Ya se había reencontrado con Cádiz en pleno Caribe:
¡Oh, Cuba! ¡Oh, ritmo de semillas secas!”
Ahora,a punto de descender del enorme navío en la Nueva York del Sur, creyó recuperar la fisonomía de las altísimas ventanas de Manhattan que resplandecían al sol de una mañana argentina. Al bajar la vista al agua, se desvaneció la ensoñación caribeña de
la rubia cabeza de Fonseca» y de «arpas de troncos vivos, caimán, flor de tabaco», y hasta la evocación del Hudson River, en donde «el sol canta por los ombligos de los muchachos que juegan bajo los puentes».
—- Esto es otra cosa, algo nunca visto. Un horizontal muro de agua bermeja. Un entrampante muro de barro bermejo.
Sangre espesa de las venas ciclópeas de la América española. Ríos de melodioso sonido indígena: Paraná, Paraguay,Uruguay, Queguay, Gualeguay… Arterias hiperalimentadas por sus muchos tributarios, nacidos, algunos de ellos en selvas, cascadas y cataratas adentro, y otros en las mismísimas cumbres de la Cordillera de los Andes.
Sí. Lorca estaba contemplando el nacimiento del Paraná Guazú , el Río Grande como Mar de los naturales, el Jordán de los místicos, el Mar Dulce de Solís y el mentido Rio de la Plata de sus mayores, los ambiciosos, católicos, crueles e intrépidos conquistadores ibéricos:
Por aquí pasaron, sudorosos, famélicos y febriles, Mendoza, Irala, Ayolas y Garay . Llego con siglos de retraso”.
Ya no había galeones en el puerto, ni Rollo de Justicia en la plaza, ni arcabuces, ni yelmos, ni pendones, ni cruces trágicas en las calles de Nuestra Señora del Buen Ayre. Seguía llena de españoles, pero ya sin espadas, celadas ni petos.
Ahora todos eran «gayegos» y armados solo de manos limpias y duras, de terca honradez todos los días hábiles y alguno más, si se cuadraba… Y al hombro gaitas plañideras todos los domingos y fiestas de convocar y guarecer «queimadas» y nostalgias.
Lorca supo -le contaron- que a éstas las traducían como morriña, una especie de pequeña muerte, una muertecita. La padecían cuando, en el paseo dominical, miraban hacia el Este, sobre el inacabable obstáculo de barro que los separaba de Galicia.
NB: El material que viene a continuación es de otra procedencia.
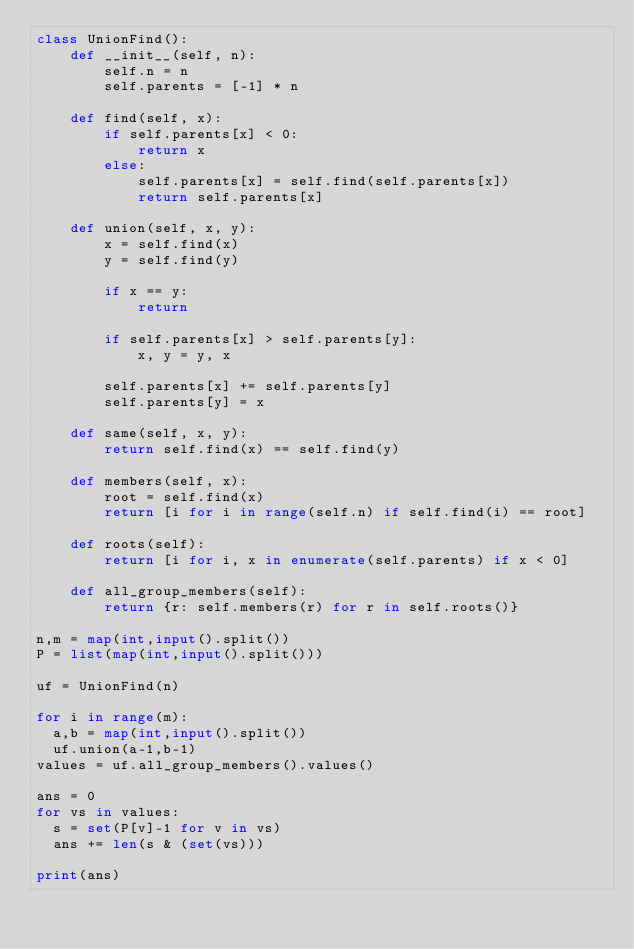<code> <loc_0><loc_0><loc_500><loc_500><_Python_>class UnionFind():
    def __init__(self, n):
        self.n = n
        self.parents = [-1] * n

    def find(self, x):
        if self.parents[x] < 0:
            return x
        else:
            self.parents[x] = self.find(self.parents[x])
            return self.parents[x]

    def union(self, x, y):
        x = self.find(x)
        y = self.find(y)

        if x == y:
            return

        if self.parents[x] > self.parents[y]:
            x, y = y, x

        self.parents[x] += self.parents[y]
        self.parents[y] = x
    
    def same(self, x, y):
        return self.find(x) == self.find(y)

    def members(self, x):
        root = self.find(x)
        return [i for i in range(self.n) if self.find(i) == root]      

    def roots(self):
        return [i for i, x in enumerate(self.parents) if x < 0]      
      
    def all_group_members(self):
        return {r: self.members(r) for r in self.roots()}
      
n,m = map(int,input().split())
P = list(map(int,input().split()))

uf = UnionFind(n)

for i in range(m):
  a,b = map(int,input().split())
  uf.union(a-1,b-1)
values = uf.all_group_members().values()

ans = 0
for vs in values:
  s = set(P[v]-1 for v in vs)
  ans += len(s & (set(vs)))

print(ans)  </code>

Entonces el poeta, tomando papel y lágrimas, describió lo que todos ellos sentían, mas no sabían definir. Él, español y andaluz, le puso nombre y color gallego al dolor de sus hermanos del norte:
Bermello muro de lama”.
¿Habrá imaginado García Lorca que un lejano día , a orillas del mismo río que inspiró su poema, una voz de mujer enérgica y dulce, con acento rosaliano y con genética genuinamente gallega, lo interpretaría como nadie?
Quizás sí; aunque nunca lo sabremos. No le dieron tiempo de contárnoslo. Lo asesinó, apenas veinticuatro meses más tarde, «por rojo y por marica», la sucia intolerancia. Tenía 38 años.
Pero no dudo que el genial andaluz estaría encantado con esta perfecta trilogía de su poema, en la voz de la intérprete uruguaya Cristina Fernández, con música de Xoán Rubia.
Federico, sensible y emocionado, la aplaudiría a rabiar.